Written answers to Parliamentary Questions from the Labour MP, a former teacher, reveal that of 673 schools built by the Department under the Priority Schools Building Programme (PSBP) and free schools programme by February 2019, sprinklers are fitted in just 105 of these schools, less than 1 in 6.
The government’s flagship free schools are far less likely to be protected, with under 4% or less than 1 in 25 free schools benefiting from sprinkler systems.
The figures have dramatically worsened since the Labour government set higher fire safety standards in 2007, and even since the first phase of the PSPB, which saw around 30% of schools fitted.
This comes despite official figures showing there have been over 7,000 fires at educational establishments including schools in the last decade, with hundreds of injuries and repair or rebuilding costs vastly exceeding those of fitting sprinklers in the first place.
Government guidance states that “All new schools should have fire sprinklers installed except in a few low risk schools.” In 2016, Tory Ministers had attempted to to remove this requirement, but were forced to back down following a furious backlash from trade unions, fire chiefs and the Labour Opposition. Following recent Labour calls to strengthen standards further, the Department for Education has recently agreed to consult on the regulations.
The Selsey Academy school in Sussex, which did not have a sprinkler system and was destroyed in a fire, has just been rebuilt without sprinklers as an apparent cost-saving measure.
Commenting on the answers to her questions, Stephanie Peacock MP said:
“It beggars belief that we even have to debate having the highest standards of fire safety in schools but clearly that is yet another victim of this government’s obsession with austerity. The ridiculous thing is that we spend far more rebuilding and repairing schools after fires than we would have paid to install sprinklers in the first place, making this an utterly false economy.

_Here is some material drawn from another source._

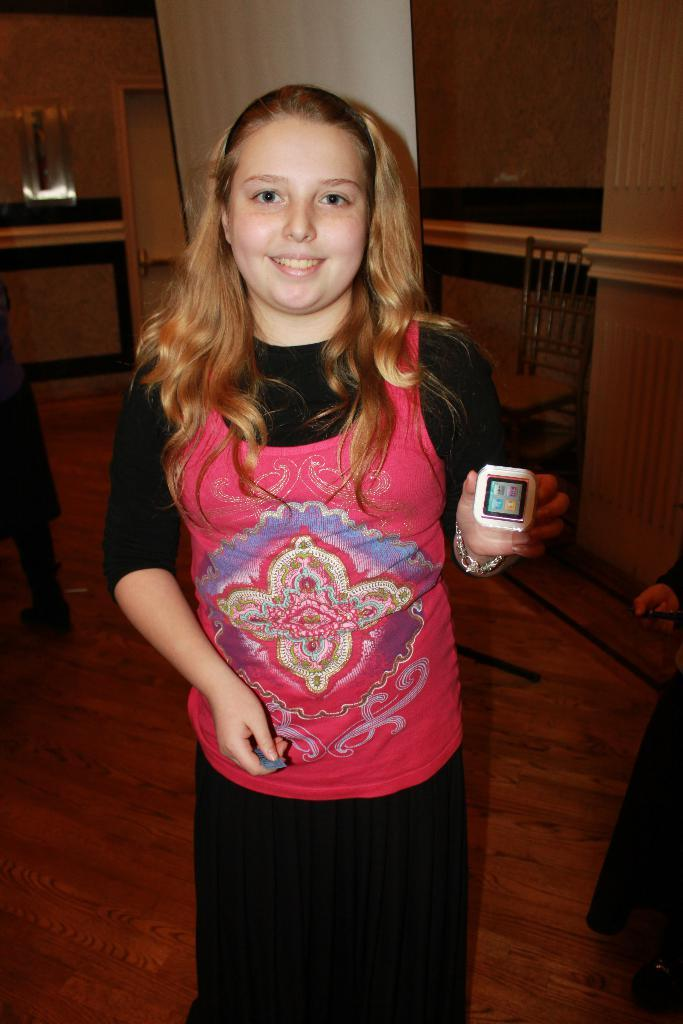What is the main subject of the image? The main subject of the image is a small girl. What is the girl holding in her hand? The girl is holding an electronic device in one of her hands. What type of badge is the girl wearing in the image? There is no badge visible in the image. What smell can be detected in the image? There is no mention of any smell in the image. 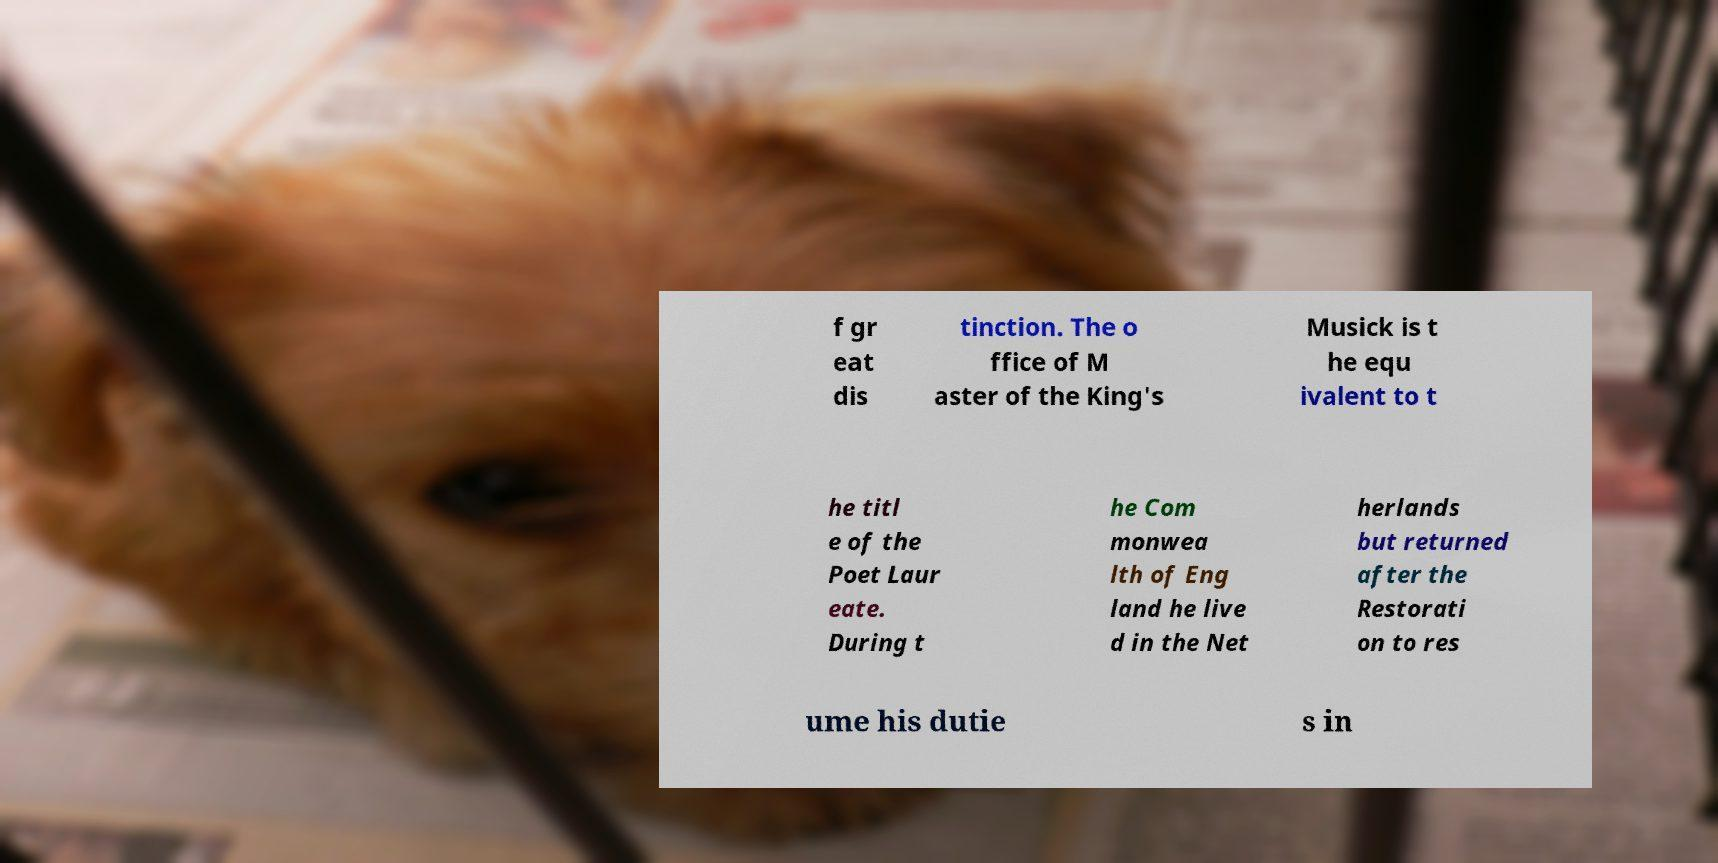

“These figures raise just one more question mark over the Tories’ free schools, which once again are falling short of the previous school building programmes they replaced. Not only are the numbers in stark decline from those under Labour, they are getting worse by the year as the Tories strip back standards and cut back investment.”
“There have been thousands of fires at our schools in the last decade and it is frankly absurd that the Government won’t stump up the cash to keep them safe.”